Illegal. I called what I did a lot of things but never that. Truthfully, illegal was the only right word and I knew it. But until the moment the word left Morgan’s lips, it had no weight. Now it crushed me.
“I helped people ship stolen goods. Desperate people fleecing rich folks and then selling what they stole to other rich folks. I’m telling you, the rich buy some pretty weird shit.” After years of seeing people burn millions, the one thing I swore I would never do: I would never buy something jus
t to look at. Whatever I owned would have a purpose. “Mostly it was antiques and cars. Really expensive cars.”
There was the hollow clink of a beer bottle touching the porch on the other side of Morgan. Mine was close to empty. I drained it and put it beside me on the porch.
“I’m not going to try to pretend that what I did wasn’t wrong. I might not have taken things that belonged to me, but I helped people take things that didn’t belong to them. I’ve shipped thousands of items across the country and the ocean.”
“Did you hurt anyone?” Morgan shifted his weight, and his elbow brushed mine.
“Grant?”
“Yes. But not like you think. I did what I did for money. Putting people in a condition where they couldn’t pay me was not conducive to my goal. I learned if a person owed me money, they would find it when they needed me again. And the people who used my services always needed me again. Clients got the first job on credit. Ship now, pay after. If they stiffed me, they pre-paid plus half just to make it worth my while.” I rubbed the scar on my chest. “But sometimes things happened.”
“Like what?”
I’d hoped he wouldn’t ask, but at the same time, I was glad he did. For the first time in my life, I could purge my soul of the sins I’d committed. They weren’t the deep dark sins of a lot of men, but it doesn’t take a very big splinter to make you worry the skin.

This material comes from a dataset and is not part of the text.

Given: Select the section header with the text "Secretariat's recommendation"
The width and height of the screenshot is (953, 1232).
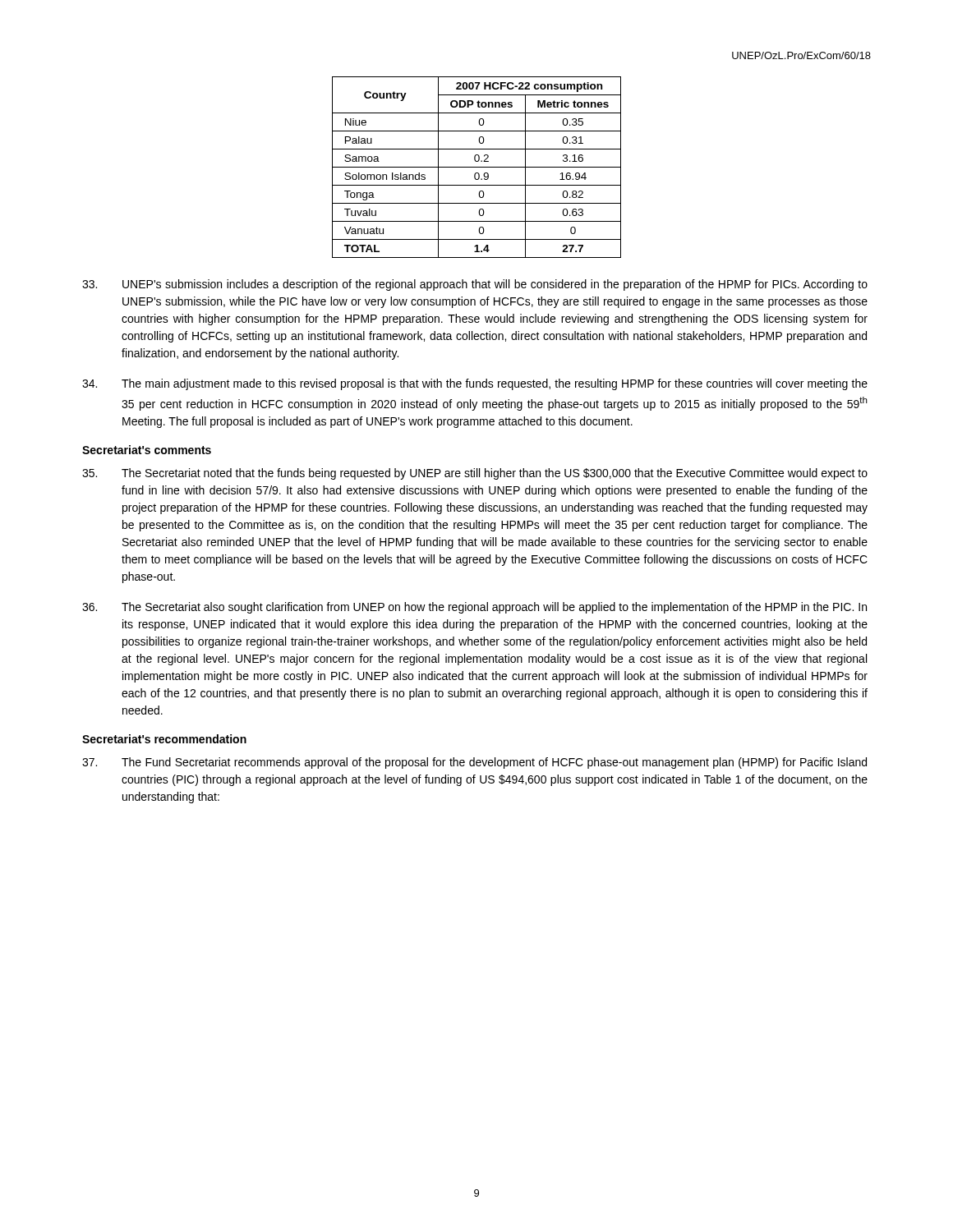Looking at the screenshot, I should tap(164, 739).

“Sometimes people tried to steal from you or the people you worked for. Sometimes other businessmen took it personal when you were a better job than them. And there were clients who lied about what they wanted to ship and were not very happy with me when I turned down the contract. Those were the most dangerous because by then you’d seen the product, and if you knew what they were moving, it could make you a liability.”
“Did it happen a lot?”
“Eugene taught me to respect my fellow businessmen, to be gracious to clients, but to never let people run over me. You never mixed friendship with business. A person was either an associate, which meant you never took their money or moved in on their people, or they were a client, which meant they paid you for a service, you did not give them a service to be paid.
“But there was always someone who would eventually test you and I never pulled a gun without the intention of using it.